Il passaparola rese popolare Spotify ancora prima della sua capillare diffusione in tutto il mondo. Emblematico è stato il caso degli Stati Uniti, dove il servizio fu lanciato solo nel 2011, dopo un tira e molla durato parecchi anni. Molto prima dell'uscita, Spotify veniva già definito come il campione dello streaming musicale, con numerosi utenti che cercavano di aggirare i limiti geografici per poterlo utilizzare. Merito di una forma di diffusione legalizzata della musica che aveva già fatto scuola e reso l'app un enorme jukebox liberamente accessibile e con ben pochi limiti. Il trionfo fu crescente in tutto il mondo, con partnership con grandi aziende e più o meno tutti i social network. Importante fu l'accordo con Facebook, che ancora oggi permette agli utenti di registrarsi all'app tramite il proprio profilo.
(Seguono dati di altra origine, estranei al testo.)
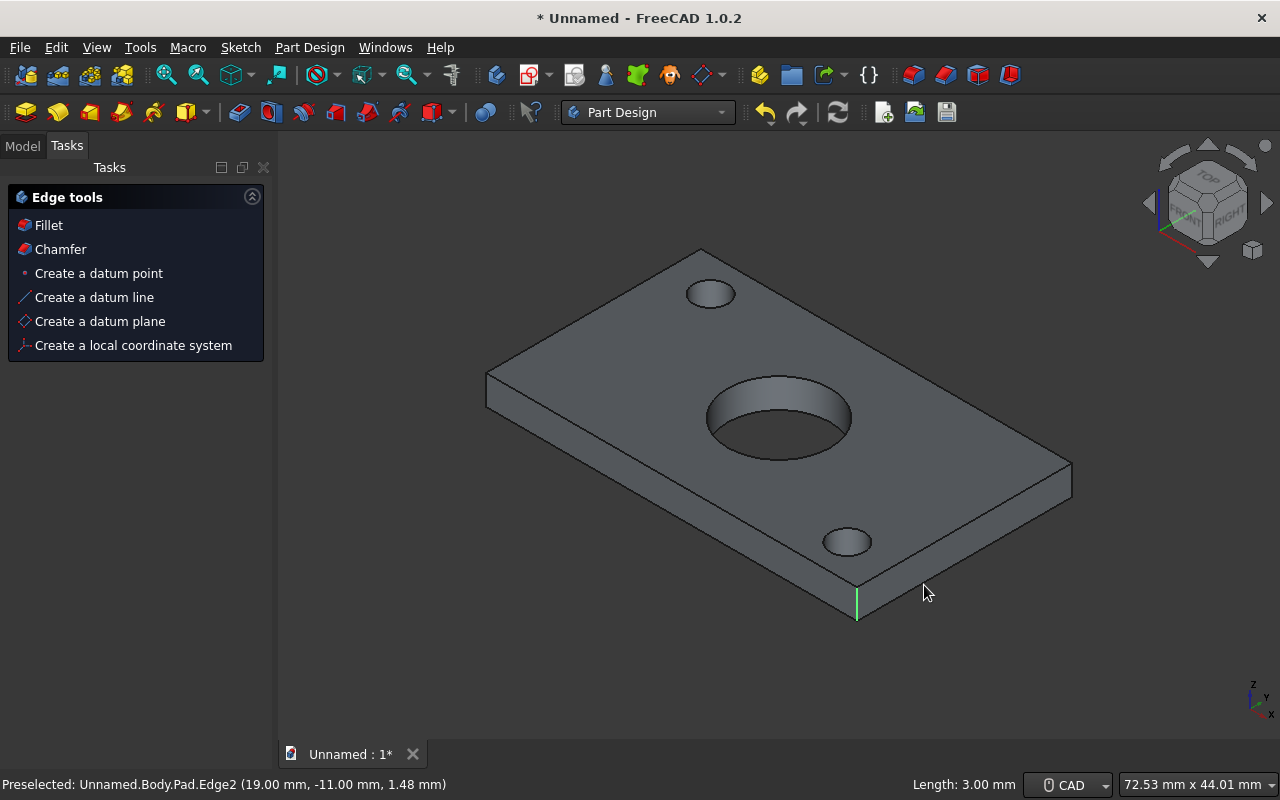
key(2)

Un successo testimoniato da numeri in continua crescita: 140 milioni sono gli utenti che utilizzano Spotify, 83 milioni quelli che sono abbonati al servizio premium. Numerosi i miliardi versati nelle casse di case discografiche e artisti, per un modello di business che ha fatto scuola e che, negli ultimi anni, è stato copiato da numerose altre realtà, rendendo lo streaming musicale legale l'ormai principale fonte di accesso alla musica per gli ascoltatori di tutto il mondo.

Dieci anni di successi

In dieci anni la creatura di Ek è riuscita a ritagliarsi un ruolo fondamentale nel mondo del web. Lo ha fatto grazie alla forza di volontà di un ragazzo talentuoso, bravo a sfruttare tutto ciò che di buono c'era nella pirateria musicale e digitale e a trasformarlo in un modello di business del tutto legale. Era l'idea che serviva per far rinascere la musica e portarla nel 21° secolo, facendola uscire dall'impasse nella quale si era rinchiusa negli ultimi tempi.
Se oggi, ogni giorno e a ogni ora, abbiamo accesso più o meno libero a un catalogo sconfinato di canzoni e possiamo ascoltare tutto quello che vogliamo su ogni dispositivo, lo dobbiamo alle ambizioni di un ragazzo che ha imparato la lezione dei pionieri del web e l'ha saputa tradurre in un modello accettabile per tutti e che, nonostante le ritrosie di discografici e artisti, è riuscito a imporsi e a regalarci un web migliore e, finalmente, legale.
Pur con tutte le sue criticità, Spotify è ancora oggi una delle più sincere e pure incarnazioni di tutto il buono che c'è sul web e di tutto ciò che un servizio di internet dovrebbe essere: ampio, libero, economico, condiviso e legale. Scusateci se è poco.